The pressurized fluid flow from the ports 232 is directed to the flow chamber 269, through the flow channels 236, through the equalization chamber 245, and out through the end of the flushing sleeve 240 to clear any debris within the wellbore. The fluid flow is circulated back to the surface of the wellbore 110, and may also enter through the upper end of the sliding sleeve 220. Any fluid that flows through the upper end of the sliding sleeve 220 may flow past the drive collar 215 and through the screen portion 265 to clear any debris in the fluid that flows into the annulus 267. The fluid flow through the annulus 267 may combine with the fluid flow from the piston chamber 235 in the flow chamber 269.

The large volume of fluid flow in the flow chamber 269 is directed through the flow channels 236 into the equalization chamber 245, which has a larger flow area as compared to the flow channels 236 and the flow chamber 269, which results in a pressure drop or reduction. The pressurized piston chamber 235 can therefore force the piston member 230, the sleeve member 260, the drive collar 215, the sliding sleeve 220, and the flushing sleeve 240 away from the shoulder portion 213 of the mandrel 210. The stroke of the flushing sleeve 240 may be limited by the travel of the drive collar 215 within the slots 206 or by contact of the flow channels 236 and/or piston member 230 on the upper end of the downhole tool 250. In this manner, the flushing sleeve 240 is moved to a position at least partially below the downhole tool 250 to flush and remove debris from the wellbore 110 without interference with the downhole tool 250.

After the wellbore debris is removed, fluid flow through the mandrel may be stopped and the tool 200 may be lowered to conduct a wellbore operation, such as retrieval of a packer and/or packer plug. The tool 200 may be lowered until the flushing sleeve 240 engages an upper end of the packer and/or packer plug, which will retract the flushing sleeve 240 relative to the mandrel 210 and the downhole tool 250. Further lowering of the tool 200 allows the mandrel 210 and the downhole tool 250 to move downward relative to the flushing sleeve 240 so that the downhole tool 250 can be moved to a position, such as partially outside of the bore of the flushing sleeve 240 as illustrated in FIG. 6A, to conduct the wellbore operation without interference with the flushing sleeve 240.

At any time during the debris removal operation, if the tool 200 is lowered too rapidly such that the lower end of the flushing sleeve 240 is plugged off, the pressure in the equalization chamber 245 may increase and/or equalize with the pressure in the flow chamber 269 and the piston chamber 230. The equalization of pressure and the reduced fluid flow through the ports 212, 232 may cause the downward force on the piston member 230 and thus the flushing sleeve 240 to approach zero.

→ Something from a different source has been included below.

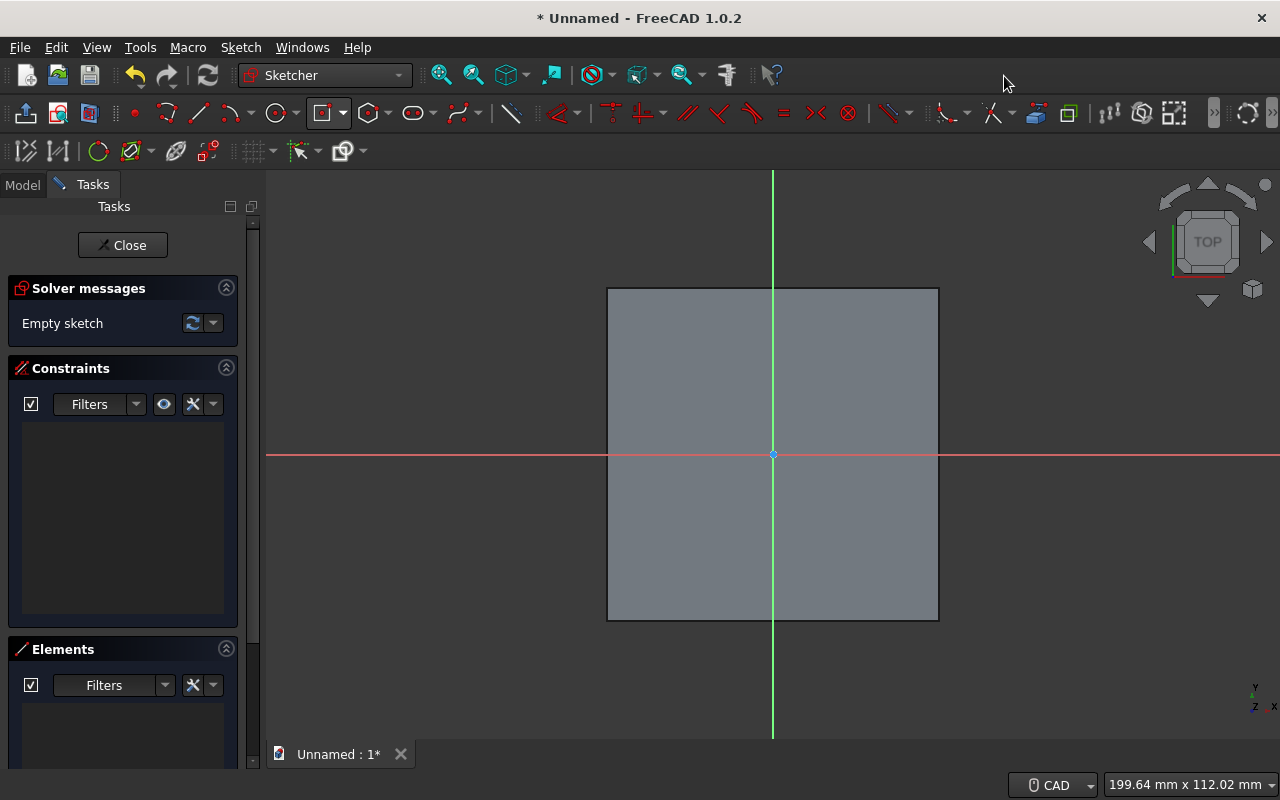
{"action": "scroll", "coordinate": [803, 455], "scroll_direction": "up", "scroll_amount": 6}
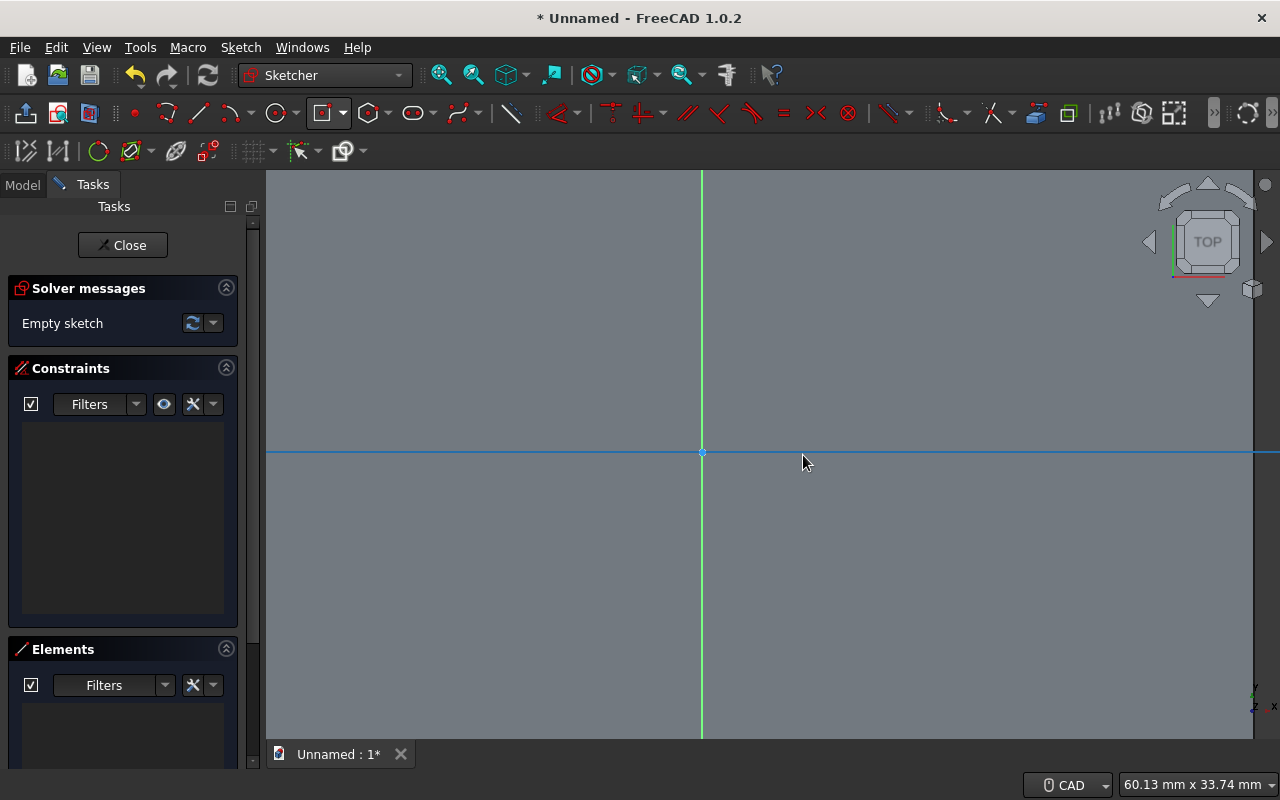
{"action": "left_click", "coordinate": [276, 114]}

As a result, the flushing sleeve 240 can be retracted clear of the debris to prevent the plugging and permit continued removal of the debris. This “self-regulating” feature enhances rapid flushing and removal of stubborn debris.

By reducing fluid flow rate, the hydraulic force on the piston member 230 can be removed. With no hydraulic force on the piston member 230, the positions of the flushing sleeve 240 and the downhole 250 can be determined by measuring the weight or load of the tool 200 at different elevations. For example, the weight of the flushing sleeve 240 and the sliding sleeve 220 are transferred to the wellbore packer and/or packer plug when in contact. The change in the load on the tool 200 may provide an indication at the surface of the wellbore regarding the position of the tool 200 relative to the packer and/or packer plug. In one embodiment, the lower end 204 of the mandrel 210 may include one or more ports that are in fluid communication with the piston chamber 235 and/or the equalization chamber 245 when the piston member 230 is at full stroke, to thereby indicate the position of the piston member 230, the sliding sleeve 220, and/or the flushing sleeve 240.

While the foregoing is directed to embodiments of the invention, other and further embodiments of the invention may be devised without departing from the basic scope thereof, and the scope thereof is determined by the claims that follow.